Rose T. est blonde, grosse et dévorée par un psoriasis récurrent. Elle subit les foudres de sa mère acariâtre, qu’elle dénomme Madame T., pied-noir raciste abandonnée par son mari et qui croît avoir tout sacrifié pour sa fille. Pour ne rien arranger, Madame T. est aussi son professeur principal et la flique à mort. Rose a rencontré sa seule amie, Souade, au basket quelques mois avant le drame. Elle trouve enfin de l’amour et de la tendresse chez cette amie et sa famille, mais sa mère décide, lorsqu’elle s’en rend compte, d’envoyer Rose en pension loin de Vénissieux, à Valence, dès le lundi suivant. Au cours d’une expédition photographique sur le toit de la tour de Souade, évacuée pour procéder à sa destruction (longues platitudes sur la violence du déracinement pour les habitants de ces tours), Rose pousse Souade dans le vide et la tue. Le juge n’arrive à lui arracher quelques mots qu’au bout de huit semaines, et le livre se conclut par sa question : « Est-ce que les morts nous pardonnent, Monsieur le juge, est-ce que les morts nous aiment ? ».

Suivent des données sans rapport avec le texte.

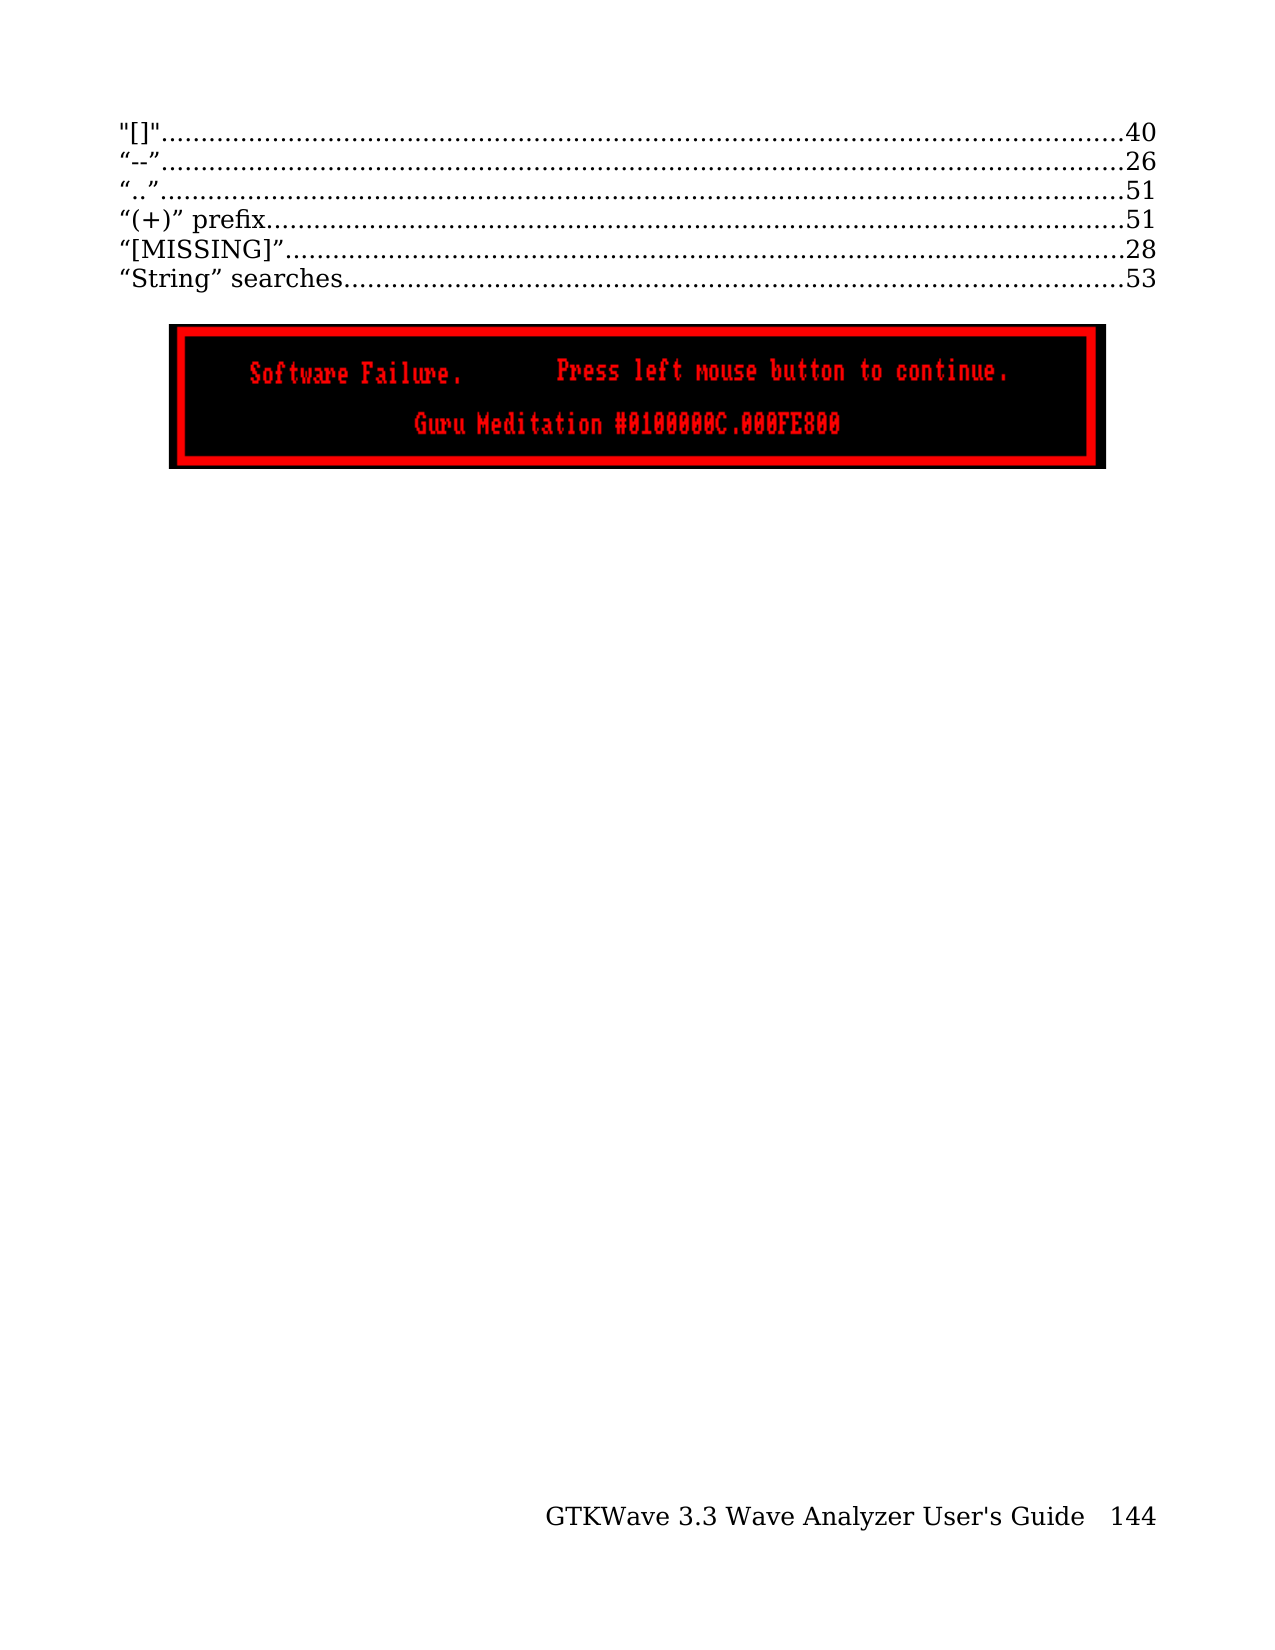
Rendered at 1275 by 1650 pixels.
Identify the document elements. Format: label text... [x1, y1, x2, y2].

text “..” 51 [118, 176, 1157, 206]
picture [168, 324, 1107, 469]
text "[]" 40 [118, 118, 1157, 147]
text “String” searches 53 [118, 264, 1157, 293]
text “[MISSING]” 28 [118, 235, 1157, 264]
text “(+)” prefix 51 [118, 206, 1157, 235]
text “--” 26 [118, 147, 1157, 176]

Voici mon interprétation personnelle, d’une subtilité psychologique pas piquée des vers : écartelée entre l’amour de sa mère et l’amour de Souade, Rose T. avait cru entrevoir une porte de sortie en accomplissant la séparation exigée de la première, en figeant la seconde dans sa soif d’absolu (« si je tombe, je m’envolerais vers l’Algérie ») et en gardant prés d’elle, dans la mort, son amie, sa seule amie… Pas mal donc, mais les fils sont gros et le ton moral pas très fin.